我睡到半夜被一阵窸窸窣窣的声音弄醒以为家里闹鬼了甚至有更诡异的念头,就是本川半夜搁那跳舞,睁开眼看见床头柜上的小夜灯亮着,银本川缩在床边,整个人像一只煮熟的虾,膝盖蜷到胸口,一只手捂着肚子,另一只手还攥着手机,屏幕上是某个吃播的视频,画面里正有人大口吃着一碗火红色的辣炒年糕…
"……?"我坐起来,伸手碰了碰他额头。全是冷汗。"我去本川吃了多少?!"
他抬起左眼看着我,眼神飘忽,嘴角还有一点辣条的红油没擦干净。他张了张嘴,声音像砂纸磨过的:"没吃多少就一个三明治,两包薯片……半袋辣条,然后吃了一小盒冰淇淋解渴用的…。"

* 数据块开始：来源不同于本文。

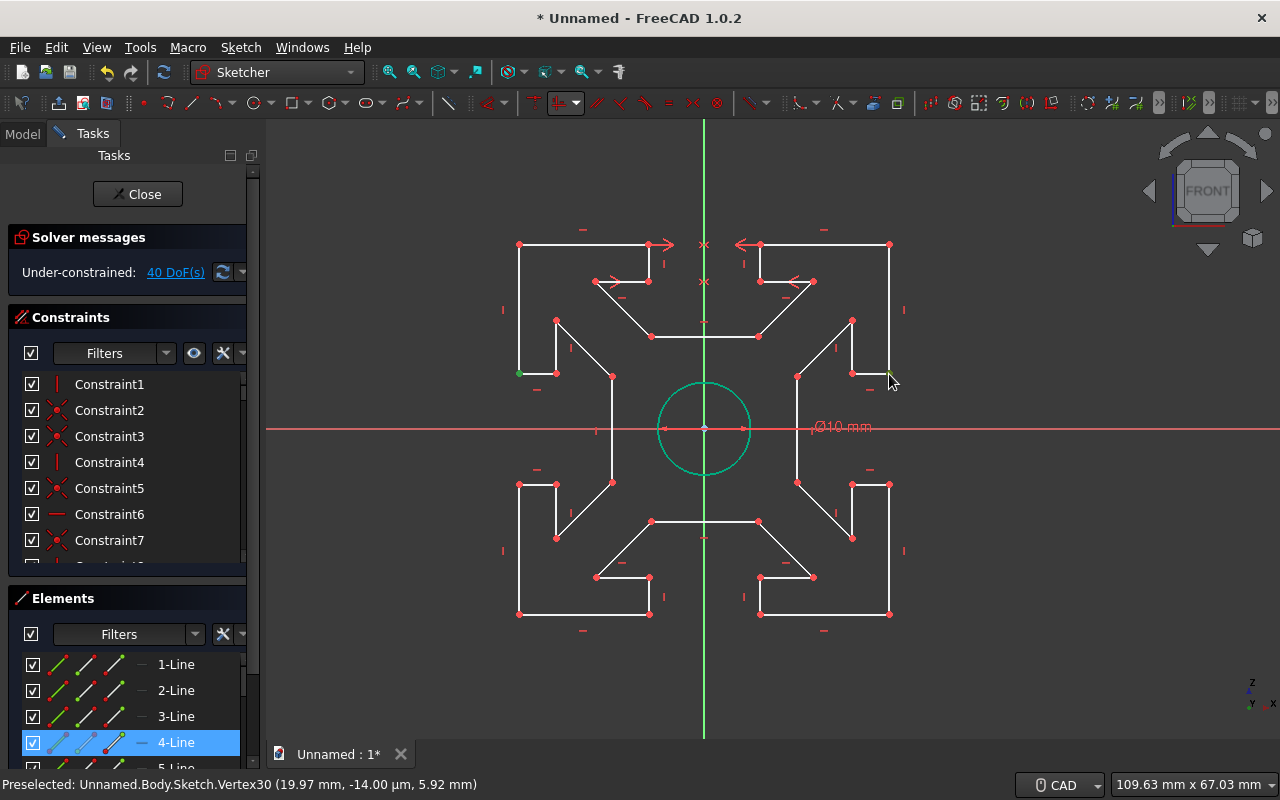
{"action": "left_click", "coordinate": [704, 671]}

冰淇淋解渴这一说法把我逗乐了我看了一眼床头柜——果然,三明治的包装纸、薯片的空袋子、辣条撕开的口子、冰淇淋盒子里还剩个底儿,大勺子插在融化了一半的奶白色液体里但那玩意儿明显不是一小盒快有他腰粗了吧?一大桶冰淇淋是我们俩在中百仓储买的商用冰淇淋…我叹了口气,下床给他找胃药。他躺在被子里哼哼唧唧,整个人蜷成一团还乱打滚,露出来的后颈全是汗。
"格同,我错了。"
"你没错。是这个冰淇淋的错,他应该是魔法冰淇淋突然变了这么大一罐吧"
“……”
我倒了温水,扣了药片,坐回床边把他扶起来。他靠在我肩上像个害羞的小闺女一样看都不看我一眼,张嘴把药含在嘴里,作为一个吃药困难户他整整喝了三杯水,然后又蜷回去继续当他的虾。我帮他把被子盖好,把那些零食残骸收拾干净,扔进厨房垃圾桶。回到床边的时候他已经迷迷糊糊快要睡着了,手指还攥着我睡衣的下摆差点把我整个衣服扒了。我在他旁边躺下来,侧过身,把手覆在他捂着肚子的那只手上,掌心贴着他的手背,热量慢慢透过去。他哼了一声,往我这边蹭了蹭,脸埋进我胸口。鼻息喷在我锁骨上,很烫。
"明天还要去买盖头。"他闭着眼说。
"嗯。"
"我起得来。"
"你起不来。"
“……”
他没再说话。过了大概三秒,鼻息均匀了,睡着了。
我醒的时候是上午九点说实在的,我也没想到自己能起这么晚平常就算和本川搞到凌晨我也能七点就起床今天居然睡到了九点着实难得。窗帘缝里漏进来的光已经是白的偏黄了,说明太阳升了老高。我转头看旁边——银本川还在睡,整个人趴着,脸埋在枕头里,露出一只耳朵和半截后颈。头发乱得像被风吹过的草垛,呼吸倒是平稳的,肚子大概是不疼了。我没叫醒他,轻手轻脚下了床去像做贼一样去洗漱。路过客厅的时候看了一眼茶几,他昨晚写稿的电脑还开着,屏幕已经暗了,我按了一下空格键,亮起来的是他写的那段——沈黛站在药柜前面挑绷带,只要一千多字了看的出来,昨天一晚上光吃零食去了,我关掉屏幕,去厨房煮了粥等这只小猪睡醒。
可这位猪醒的时候一点都过了半小时了。我听见卧室里传来一声闷闷的哼唧,然后是翻身时被子摩擦的沙沙声。我像古代公公一样端着粥走到皇上卧室门口,看见他正挣扎着从被子里坐起来,头发翘得更厉害了,左眼半睁着,右眼还闭着——他刚醒的时候右眼总是慢半拍睁开,像那只眼睛本来就看不见了,所以干脆懒得睁。他揉了揉肚子,然后看见我站在门口端着粥,眨了两下左眼,说:"几点了?"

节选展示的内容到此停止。